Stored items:
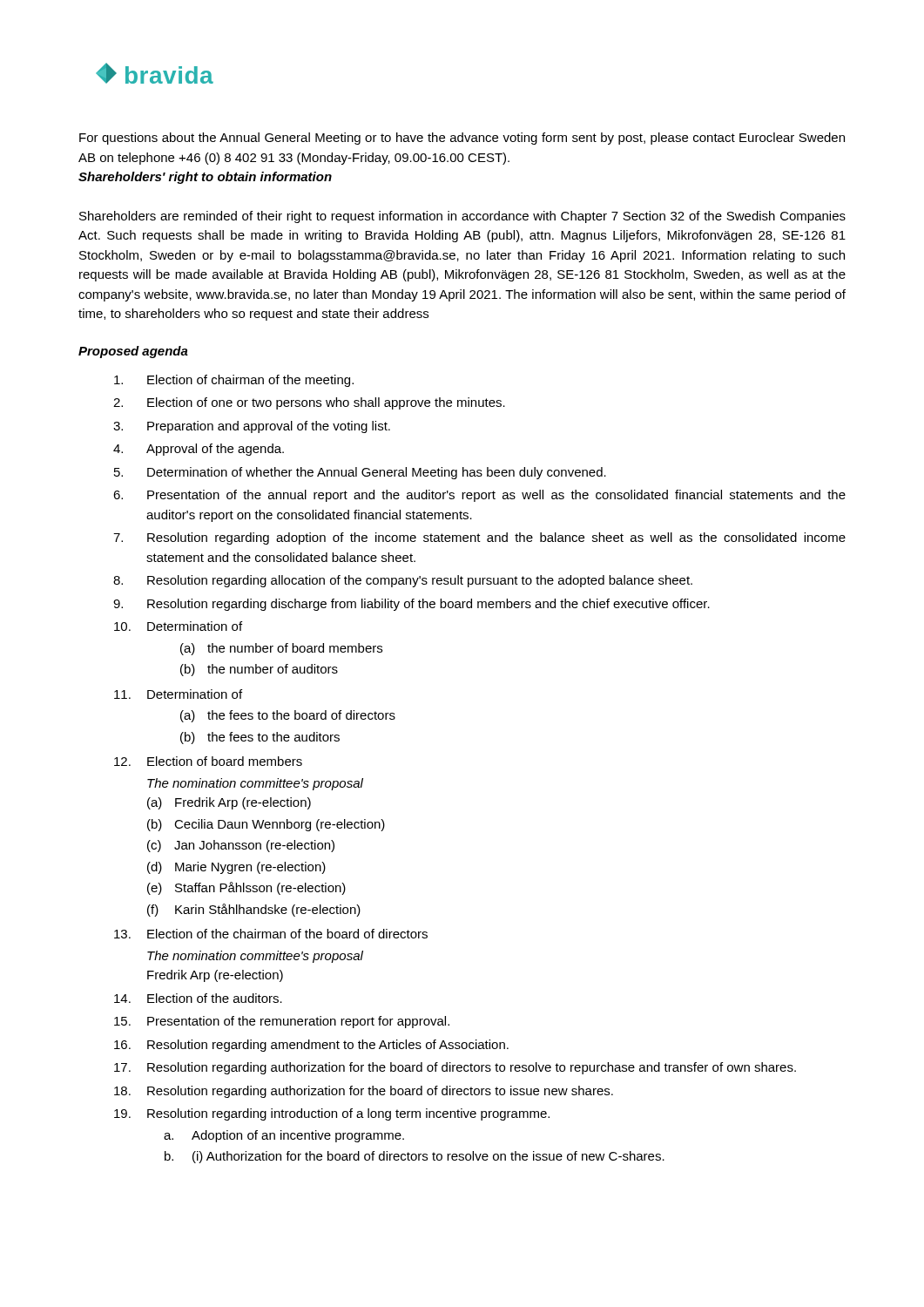Find the list item that reads "7. Resolution regarding"

click(479, 548)
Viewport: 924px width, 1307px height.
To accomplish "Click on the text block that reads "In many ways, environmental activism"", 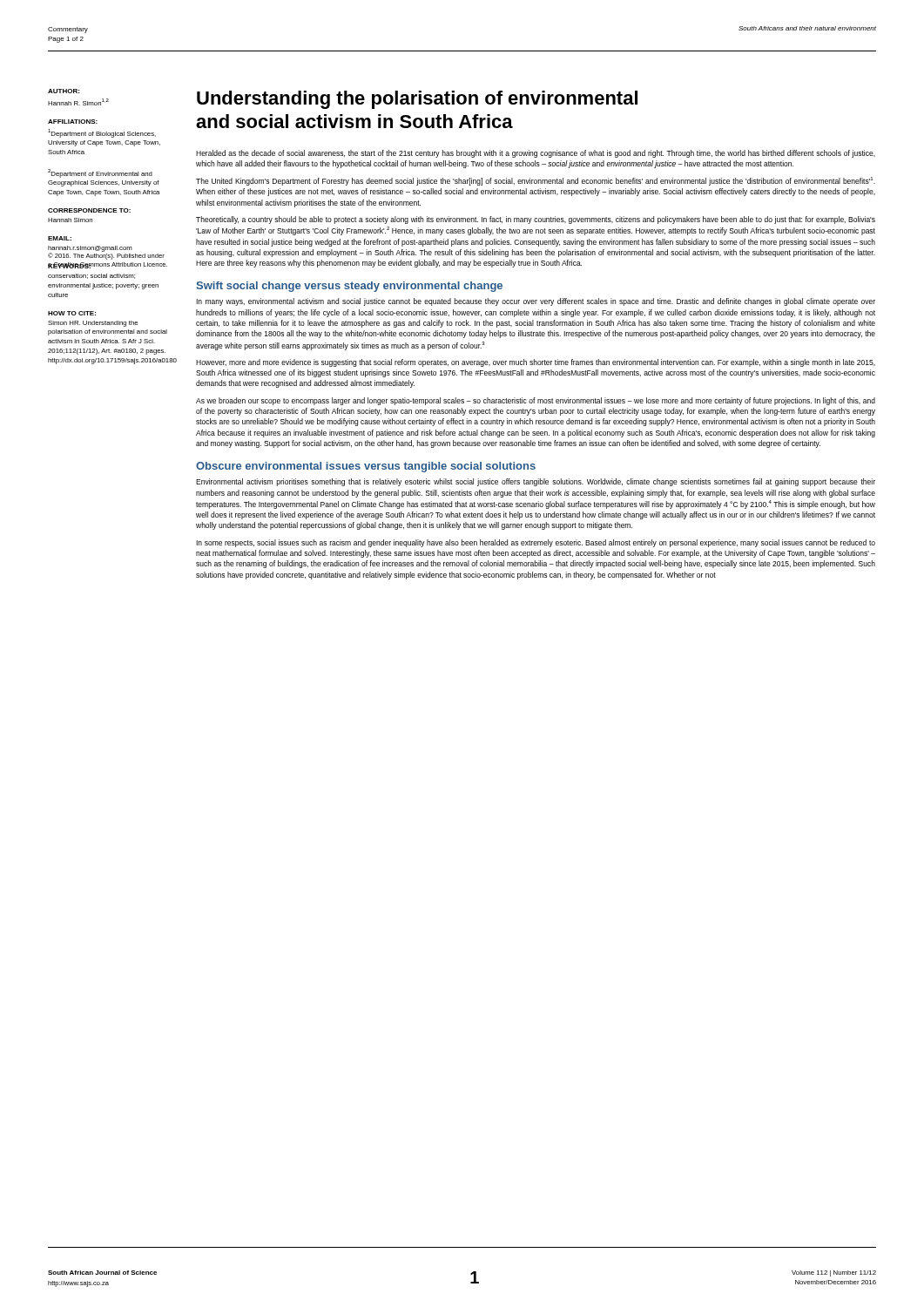I will coord(536,324).
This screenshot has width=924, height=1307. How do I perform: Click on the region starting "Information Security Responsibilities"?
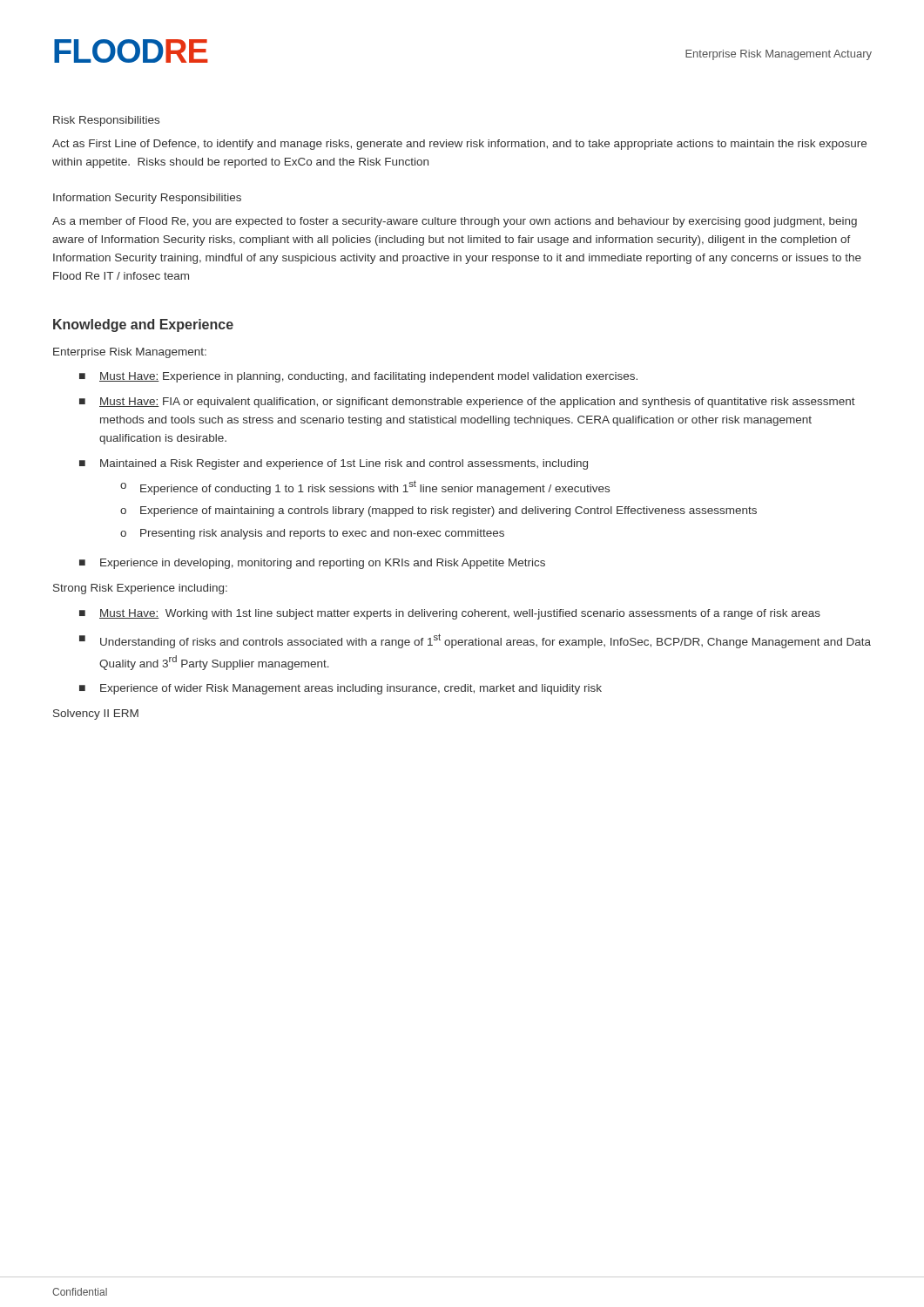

What this task involves: Go through the entries above and report each line with the string "height" in it.

Result:
Viewport: 924px width, 1307px height.
This screenshot has width=924, height=1307. How do I perform: Click on the region starting "Information Security Responsibilities"?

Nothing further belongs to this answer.